I have found that HNW/UHNW individuals relocating to the UK continues to be a strong theme, particularly from emerging economies. That said, interestingly, I have noticed that there is a broader range of reasons why families are relocating: from entrepreneurial families looking to explore business opportunities to access to early years education for children to setting up UK family offices. I am also increasingly identifying instances where individuals may have triggered tax residency without intending to do so. In those instances, I seek to help regularise the past whilst being mindful of opportunities available to them where they are not UK domiciled.

If you could make one change to tax...

Quite specifically, the mismatch of tax credits between jurisdictions. There are some specific situations in relation to overseas trusts and the taxation of capital distributions to UK resident beneficiaries which can be particularly punitive. The trust gains accruing to trustees may meet the double tax agreement requirements; however, the TCGA 1992 s 87 gain accruing to the beneficiary is not the same gain as the trust gains. ITA 2007 s 731 similarly is a tax charge on ‘income treated as arising to an individual’; it may be regarded as a charge on ‘fictional income’ and not on the actual trust income. Unfortunately, where the trust has suffered tax in a mature taxing jurisdiction on the same source income and gains, this can create a mismatch in terms of access to a foreign tax credit. This can leave individuals vulnerable to a form of double taxation in relation to the same source income and gains, but restructuring can solve some of the issues.

What do you know now that you wish you’d known at the start of your career?

My recommendation: enjoy the time you get with the legislation and research from the start of your career!

Are there any new rules that are causing a problem?
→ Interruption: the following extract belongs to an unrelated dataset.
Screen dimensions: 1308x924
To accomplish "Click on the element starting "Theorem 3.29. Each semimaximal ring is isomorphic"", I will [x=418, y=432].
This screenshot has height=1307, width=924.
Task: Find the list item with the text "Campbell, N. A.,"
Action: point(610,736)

From 2013 to 2017, significant amounts of legislation were introduced which encouraged individuals to de-envelope residential properties from corporate and/or trust structures. It seems clear that it was the objective of several governments to, in their own words, level the playing field as it relates to the taxation position and rectify a perceived unfairness. Unfortunately, HMRC’s published guidance on the application of FA 2003 s 75A (in particular, the updated guidance at SDLTM09420) and their unwillingness to offer a clear interpretation of how this anti-avoidance legislation may operate in the majority of typical de-enveloping transactions is a problem. This often prevents individuals from taking steps to restructure. I am mindful that SDLT avoidance continues to be a problem and s 75A is a powerful tool in managing this tax risk; however, it is clear that properly considered guidance is required to assist taxpayers meet the objective that successive Parliaments have sought (i.e. bringing personal use residential property in to the individual’s name or held directly by a trust).

Has a recent tax case caught your eye?

The recent domicile cases of Henkes [2020] UKFTT 159, Coller [2023] UKFTT 212 and Shah [2023] UKFTT 539 show that the multifactoral approach is now being relied on. HMRC appear more confident making domicile challenges as a result.
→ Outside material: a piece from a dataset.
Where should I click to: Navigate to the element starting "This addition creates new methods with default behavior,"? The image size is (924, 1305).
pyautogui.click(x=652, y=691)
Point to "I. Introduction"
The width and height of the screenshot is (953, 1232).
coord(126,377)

What should we look out for this year?

It would be remiss of me not to speak of the elephant in the room: a looming election with the very real possibility of a Labour government which has pledged to rework the non-domicile regime. In my opinion, a whole scale removal of the system without an appropriate replacement and substantial grandfathering provisions for offshore trusts could result in economic loss created by capital flight.

You might not know this about me but...

I absolutely love a dance floor. This started with choreography of Bollywood dances when I was nine, but the love of dance has never left me and it continues to be one of my favourite things to do!